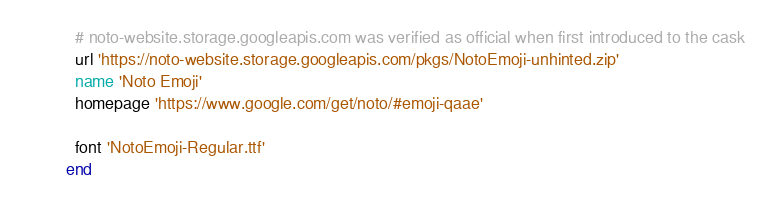<code> <loc_0><loc_0><loc_500><loc_500><_Ruby_>
  # noto-website.storage.googleapis.com was verified as official when first introduced to the cask
  url 'https://noto-website.storage.googleapis.com/pkgs/NotoEmoji-unhinted.zip'
  name 'Noto Emoji'
  homepage 'https://www.google.com/get/noto/#emoji-qaae'

  font 'NotoEmoji-Regular.ttf'
end
</code> 
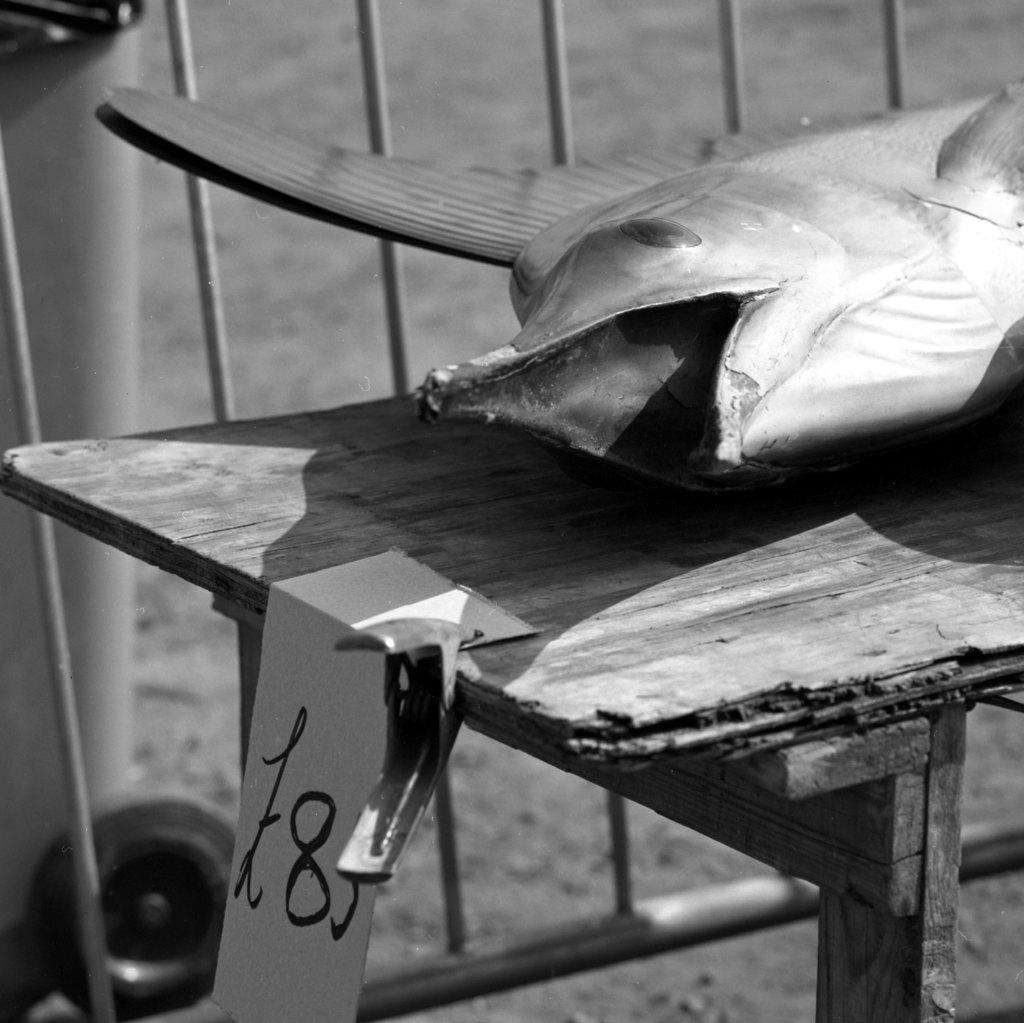What type of furniture is present in the image? There is a table in the image. What object is placed on the table? There is a toy fish on the table. What type of meal is being prepared on the table in the image? There is no meal being prepared in the image; it only features a table with a toy fish on it. How many horses are visible in the image? There are no horses present in the image. 
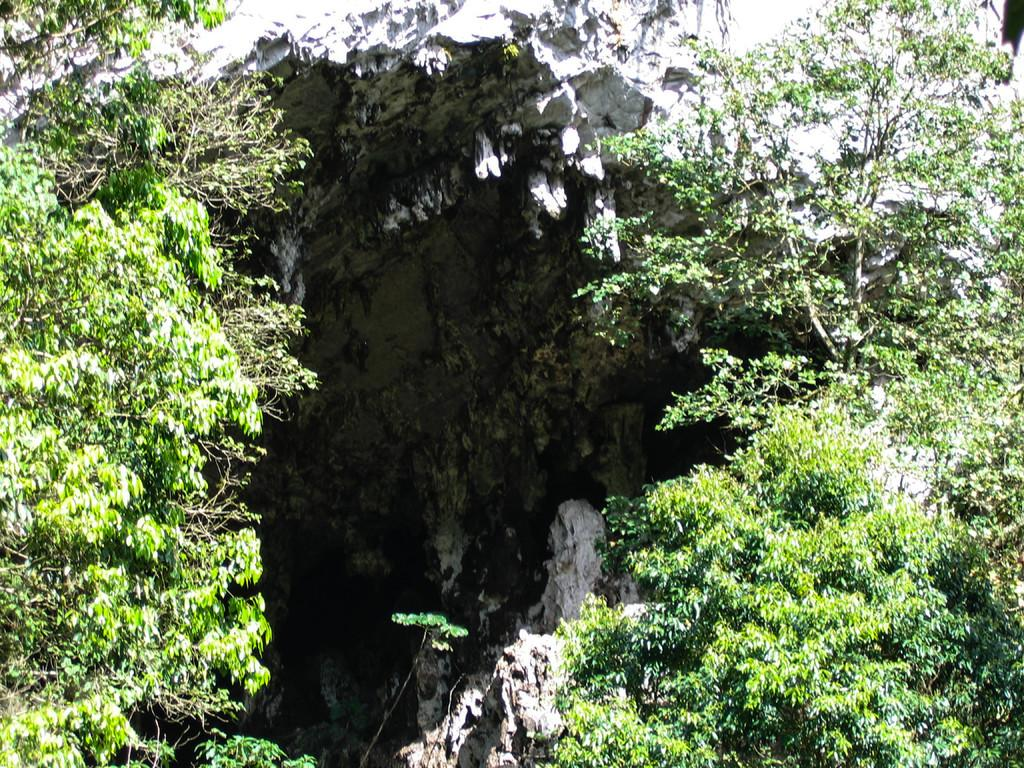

***

» Your assignment
Whenever a picture appears, leave it out, and return every record exactly.

» Written reply
<code> <loc_0><loc_0><loc_500><loc_500><_Ruby_>
  # noto-website.storage.googleapis.com was verified as official when first introduced to the cask
  url 'https://noto-website.storage.googleapis.com/pkgs/NotoEmoji-unhinted.zip'
  name 'Noto Emoji'
  homepage 'https://www.google.com/get/noto/#emoji-qaae'

  font 'NotoEmoji-Regular.ttf'
end
</code> 
What type of furniture is present in the image? There is a table in the image. What object is placed on the table? There is a toy fish on the table. What type of meal is being prepared on the table in the image? There is no meal being prepared in the image; it only features a table with a toy fish on it. How many horses are visible in the image? There are no horses present in the image. 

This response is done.